ナギがゆっくりと円を描きながら高度を下げていくと、彼らの頭上を大きな影が繰り返し通り過ぎる。数度目の時に異変を感じて見上げた男が、空を指さして何やら大きな声を上げた。
追いすがる賊全員が空を見上げると、直後蜘蛛の子を散らすようにあちこちに逃げていってしまった。
後方の異変に気がついた商人らしき男は、ようやく空を見上げてナギの姿に気がつく。賊からはきちんと逃げていたのに、竜の姿には流石に肝を冷やしたらしく、その場にぺたんと座り込んで口をあんぐりと開けてしまった。

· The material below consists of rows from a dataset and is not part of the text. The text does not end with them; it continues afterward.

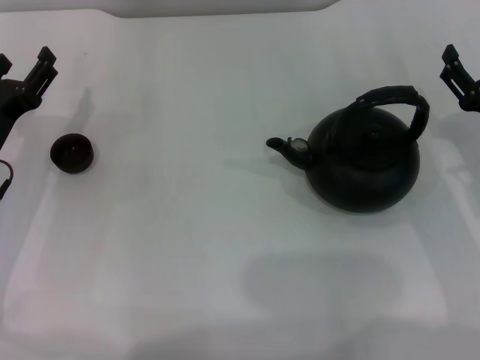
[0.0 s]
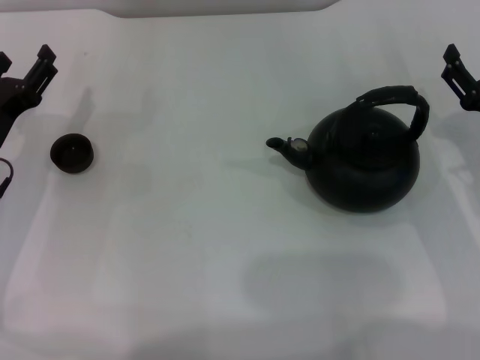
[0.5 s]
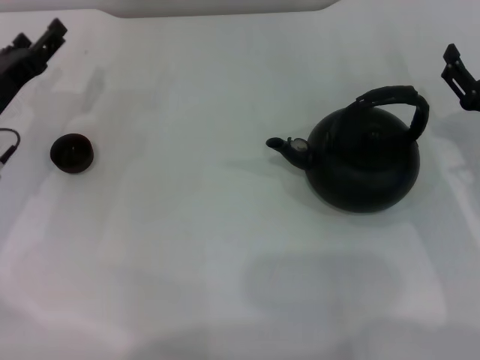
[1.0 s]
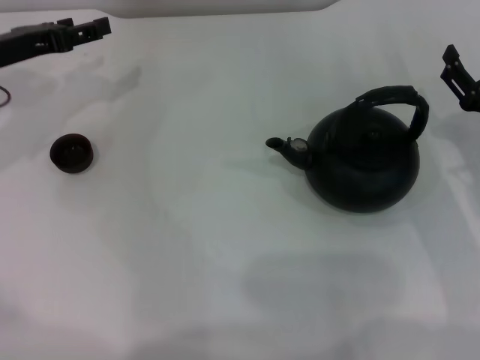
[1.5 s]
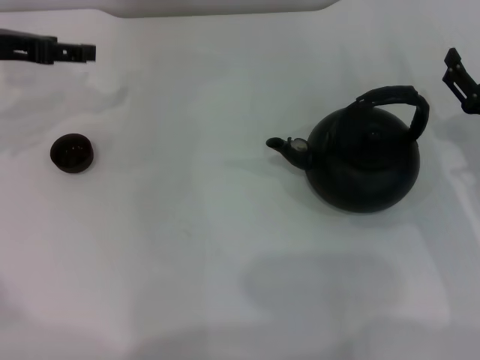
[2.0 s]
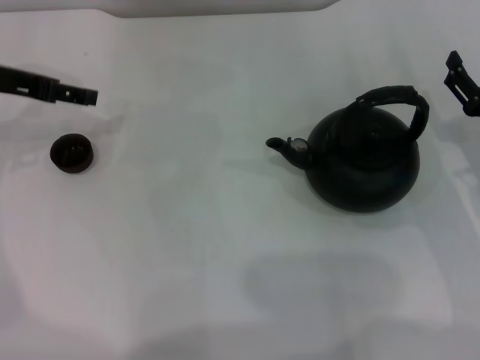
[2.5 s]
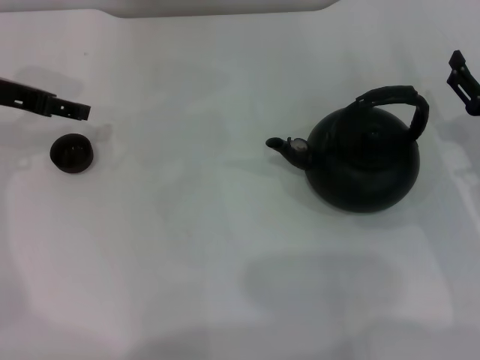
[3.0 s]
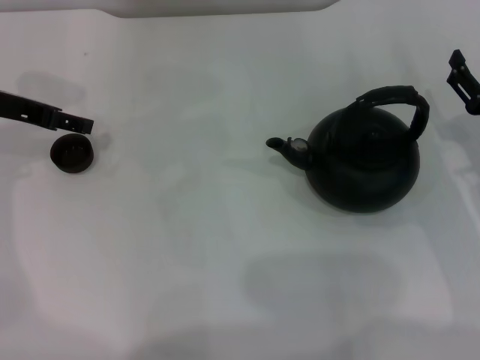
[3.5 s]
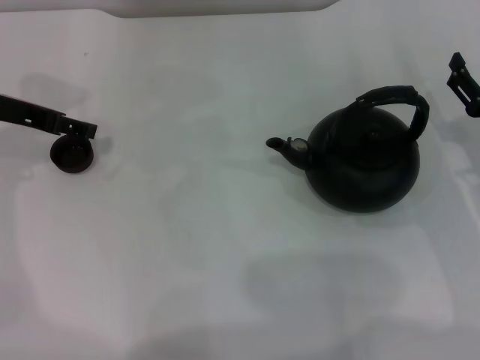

ナギがその男と逃げていった冒険者の間に降りると、アルベルトが障壁から飛び出した。
「あいつら追いかけてぶん殴ってくる」
どうやら冒険者としての仕事に誇りを持っているアルベルトは、逃げ出した冒険者たちのことが許せなかったらしい。仲間たちの意見も聞かず走り出すと、あっという間にその姿が小さくなっていった。
「あー……、一応やりすぎないように見てくるよ」
やる気のなさそうな表情をしながらも、イーストンが小走りでその後を追う。追いついたころにはもう手遅れになっていそうだが、こういう気がまわるところはイーストンのいい所だ。
二人を見送ってハルカ達はナギから降りると、腰を抜かした男に向かって声をかける。
「追われていたようですが、怪我はないですか?」
男は目を泳がせながら、こくこくと黙って頷いた。